Health care

Breast Pumps, Sleep Apnea Machines: Ventilator Shortage Spurs Innovation

At the same time, some doctors are cautioning against overuse of ventilators for COVID-19 patients

NBCUniversal, Inc. UCLA Biodesign Fellow Glen Meyerowitz built the device in a few hours and is hoping it can serve as a proof-of-concept for a low-cost ventilator that could help hospitals with ventilator shortages amid the coronavirus pandemic.

Breast pumps. Sleep apnea machines. Disposable devices. 

With ventilators in short supply, a do-it-yourself movement of sorts has sprung up with enterprising doctors and others repurposing machines or looking for ways to produce them quickly during the coronavirus pandemic.

In southern Maryland, a team of engineers switched two tubes to reverse the action of a breast pump so that it can replicate the work of a ventilator.

"We can control the respiratory rate,” one of the engineers, Rachel Labatt said. “We can control the volume and pressure.”

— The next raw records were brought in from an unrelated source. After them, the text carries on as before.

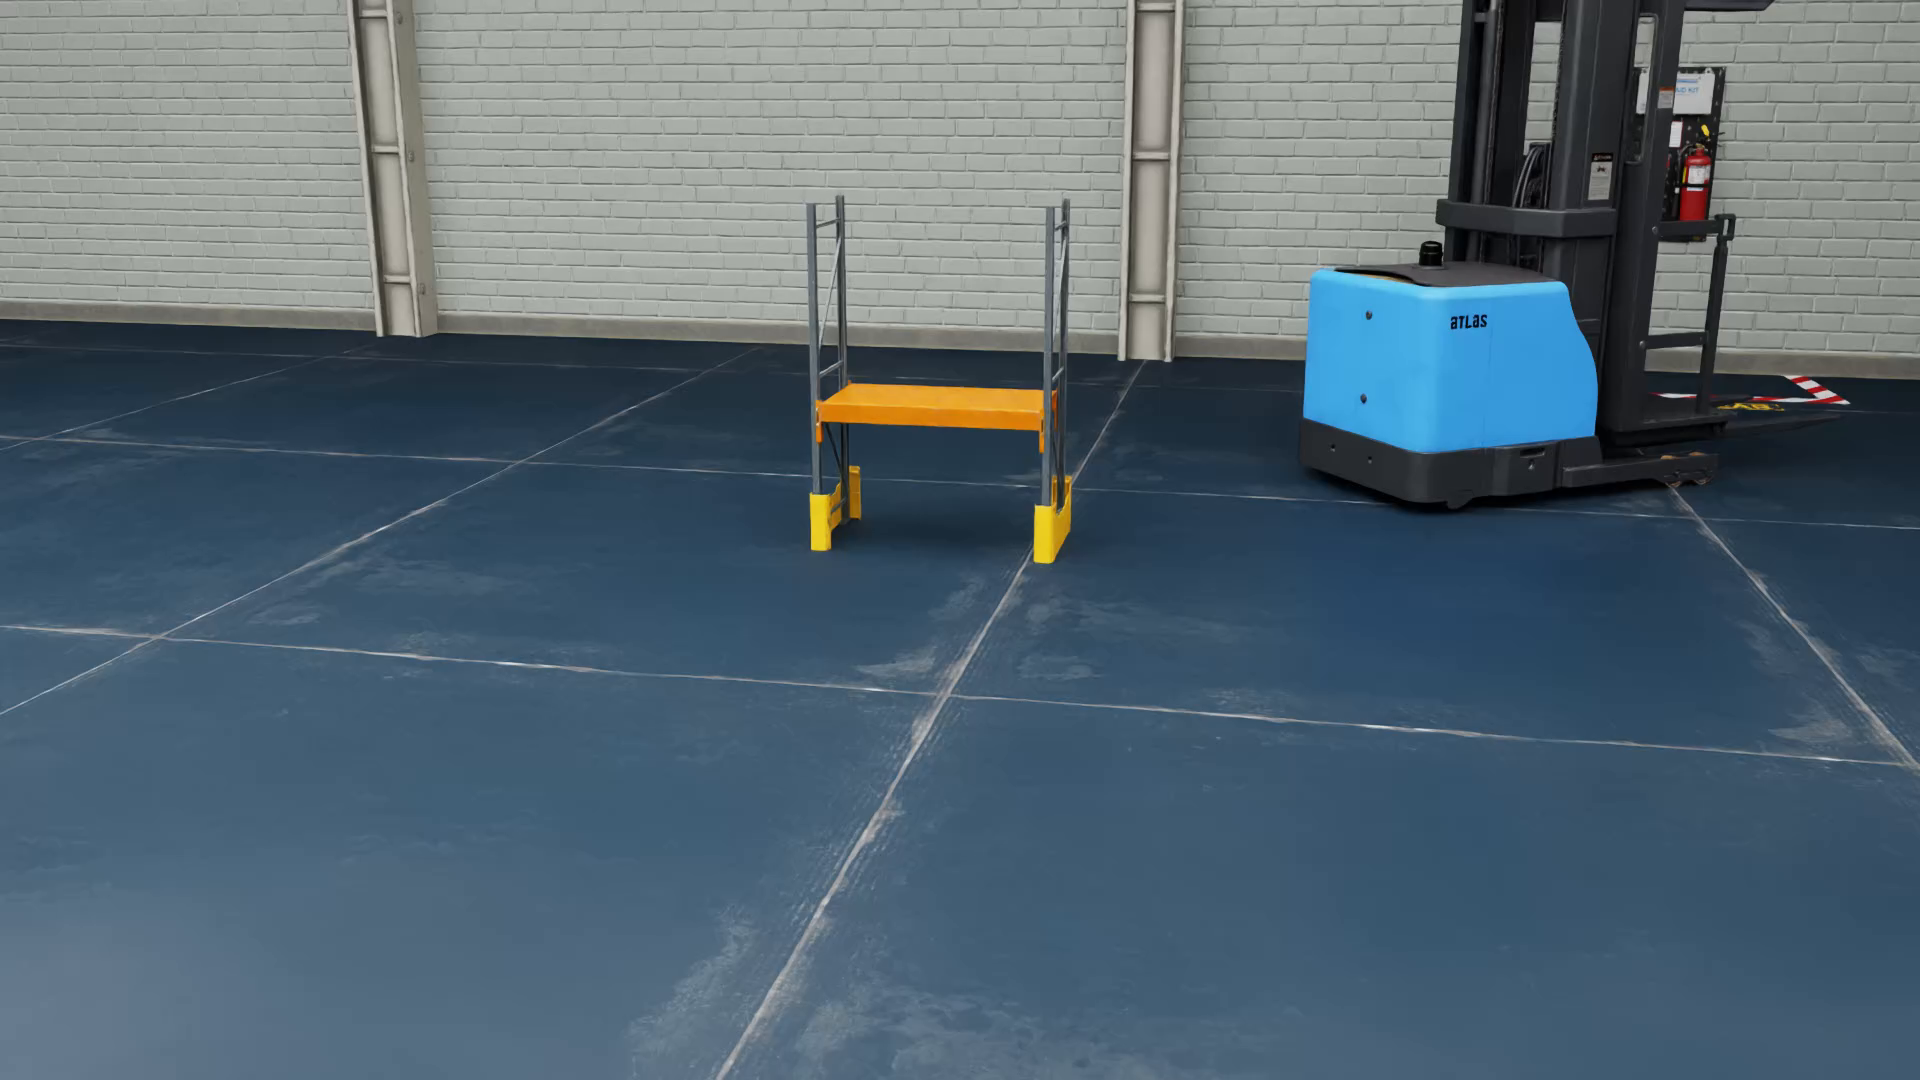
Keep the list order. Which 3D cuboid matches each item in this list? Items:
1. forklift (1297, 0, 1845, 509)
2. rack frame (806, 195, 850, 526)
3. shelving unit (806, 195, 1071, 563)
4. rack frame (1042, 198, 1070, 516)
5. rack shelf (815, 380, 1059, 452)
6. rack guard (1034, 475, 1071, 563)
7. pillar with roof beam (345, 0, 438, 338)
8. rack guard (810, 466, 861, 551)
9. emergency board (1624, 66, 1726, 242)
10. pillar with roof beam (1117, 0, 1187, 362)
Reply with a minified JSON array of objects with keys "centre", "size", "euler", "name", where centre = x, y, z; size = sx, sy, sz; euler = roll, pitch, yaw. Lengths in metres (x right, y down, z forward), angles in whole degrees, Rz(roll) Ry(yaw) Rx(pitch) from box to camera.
[{"centre":[3.330,-1.798,8.494],"size":[3.031,2.935,1.130],"euler":[-7,17,-23],"name":"forklift"},{"centre":[-0.582,-0.754,7.406],"size":[0.032,1.500,0.500],"euler":[3,16,11],"name":"rack frame"},{"centre":[-0.075,-0.727,7.306],"size":[1.083,1.500,0.587],"euler":[3,16,11],"name":"shelving unit"},{"centre":[0.415,-0.700,7.211],"size":[0.032,1.500,0.500],"euler":[3,16,11],"name":"rack frame"},{"centre":[-0.084,-0.554,7.356],"size":[1.000,0.185,0.538],"euler":[3,16,11],"name":"rack shelf"},{"centre":[0.413,-0.098,7.378],"size":[0.087,0.250,0.587],"euler":[3,16,11],"name":"rack guard"},{"centre":[-5.349,-4.886,8.276],"size":[0.400,9.000,9.100],"euler":[3,16,11],"name":"pillar with roof beam"},{"centre":[-0.563,-0.151,7.569],"size":[0.087,0.250,0.587],"euler":[3,16,11],"name":"rack guard"},{"centre":[4.854,-2.625,11.348],"size":[0.643,1.169,0.194],"euler":[3,16,11],"name":"emergency board"},{"centre":[0.531,-4.567,7.123],"size":[0.400,9.000,9.100],"euler":[3,16,11],"name":"pillar with roof beam"}]

The cost of converting a breast pump, which took the engineers four hours, is about $500 versus up to 10 times that amount for a ventilator, but it would need approval from the Food and Drug Administration, NBC Washington reported. In the meantime, they’re looking for donations of breast pumps. Here is their email: breastpumpvent@gmail.com.

Other pulmonologists and engineers are taking different approaches though their efforts come as some doctors begin to question whether they are using ventilators properly on COVID-19 patients.

At Mount Sinai Hospital in New York City, a team of pulmonologists, sleep specialists are others are similarly reconfiguring sleep apnea machines as ventilators that are being used for patients severely ill with COVID-19. The hospital has shared instructions for the work with the Greater New York Hospital Association, the American Thoracic Society and other hospitals confronting a shortage of ventilators. 

The Mount Sinai team put together a prototype after the hospital received a shipment of 200 ResMed VPAP ST machines from Elon Musk, the CEO of Tesla. They made three modifications: replacing the typical mask with a connection to an endotracheal tube to decrease the risk of COVID-19 aerosolization, adding alarms to alert clinicians to a problem with air flow and adding controls to allow for minor adjustments of settings from outside the patient’s room.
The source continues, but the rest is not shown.